Hal itu dikatakan Kasi Bina Usaha pada Dinas Pertanian Perkebunan dan Kehutanan (DPPK) Kabupaten Bekasi, Yudi Anhar. Klaim lahan hutan mangrove itu sudah berlangsung sejak 2007 lalu.
Menurut Yudi, munculnya klaim areal hutan mangrove disebabkan karena tidak adanya kejelasan batas antara milik pemerintah pusat dan masyarakat. Sehingga dengan bebas masyarakat setempat mengakui kalau areal tersebut miliknya.
Klaim sepihak itu diduga menjadi salah satu penyebab menyusutnya hutan mangrove di Muaragembong. Menurut Yudi, perlu adanya antisipasi agar pengakuan sepihak itu tidak berlanjut.

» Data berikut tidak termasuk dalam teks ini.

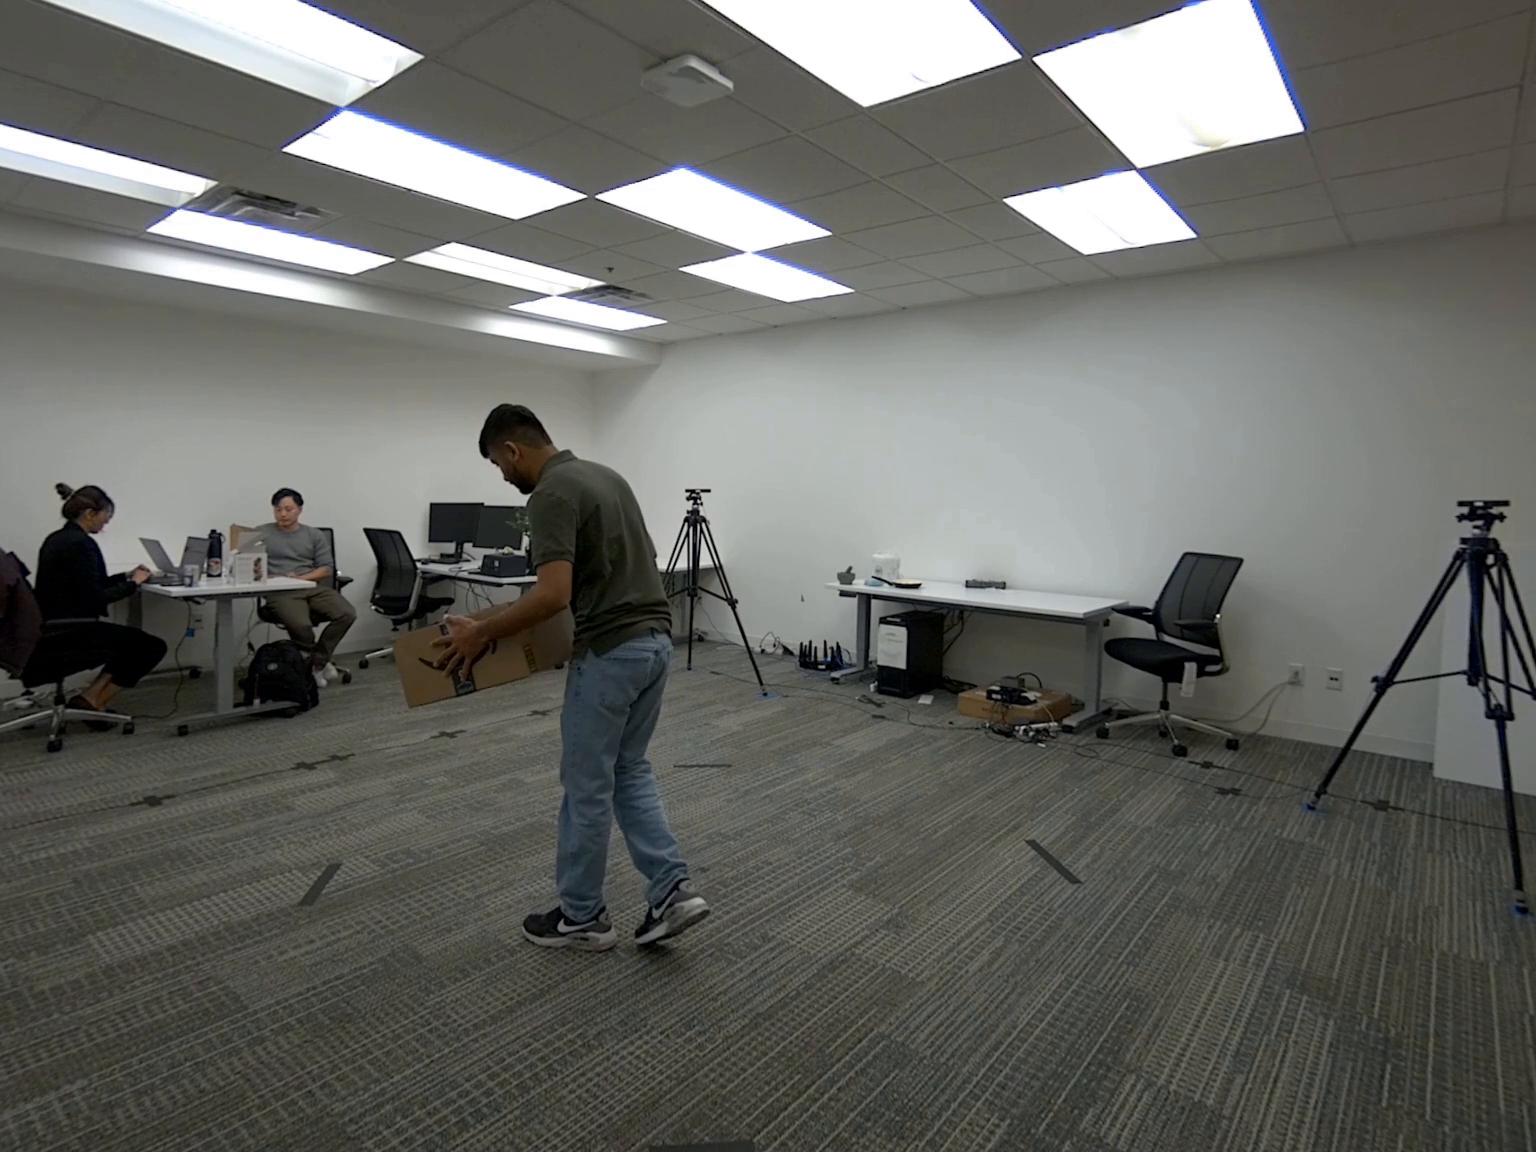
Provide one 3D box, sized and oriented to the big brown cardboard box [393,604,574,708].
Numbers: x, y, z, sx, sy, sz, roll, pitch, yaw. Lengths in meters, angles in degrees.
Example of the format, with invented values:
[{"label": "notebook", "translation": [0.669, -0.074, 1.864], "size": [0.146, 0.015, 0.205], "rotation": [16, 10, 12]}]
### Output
[{"label": "big brown cardboard box", "translation": [-0.817, 0.194, 2.676], "size": [0.422, 0.233, 0.581], "rotation": [-16, 1, 15]}]

Salah satu cara untuk antisipasinya, kata dia, dengan cara membuat tapal batas di sekitar hutan mangrove. Dengan demikian masyarakat mengetahui batasan antara milik pemerintah pusat dan daerah.
“Tapal batas antara yang tanah rakyat dan tanah negara harus jelas,” katanya.

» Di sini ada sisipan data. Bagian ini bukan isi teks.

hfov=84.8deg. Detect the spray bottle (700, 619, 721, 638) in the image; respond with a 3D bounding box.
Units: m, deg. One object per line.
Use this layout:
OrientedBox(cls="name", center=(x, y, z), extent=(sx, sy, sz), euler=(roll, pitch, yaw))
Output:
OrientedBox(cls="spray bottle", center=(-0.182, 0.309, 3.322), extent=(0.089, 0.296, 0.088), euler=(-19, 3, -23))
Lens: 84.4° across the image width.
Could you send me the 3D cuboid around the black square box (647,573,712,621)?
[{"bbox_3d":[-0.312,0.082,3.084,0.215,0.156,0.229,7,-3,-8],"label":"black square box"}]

Jika tapal batas dibuat, maka harus disertakan sanksi bagi yang melanggar. Hal itu sebagai efek jera sekaligus melestarikan hutan mangrove dan pemukiman warga Muaragembong yang kini mulai terkikis akibat abrasi.
“Beberapa persoalan mengenai tanah negara dan tanah warga karena tidak ada tapal batas,” ujarnya.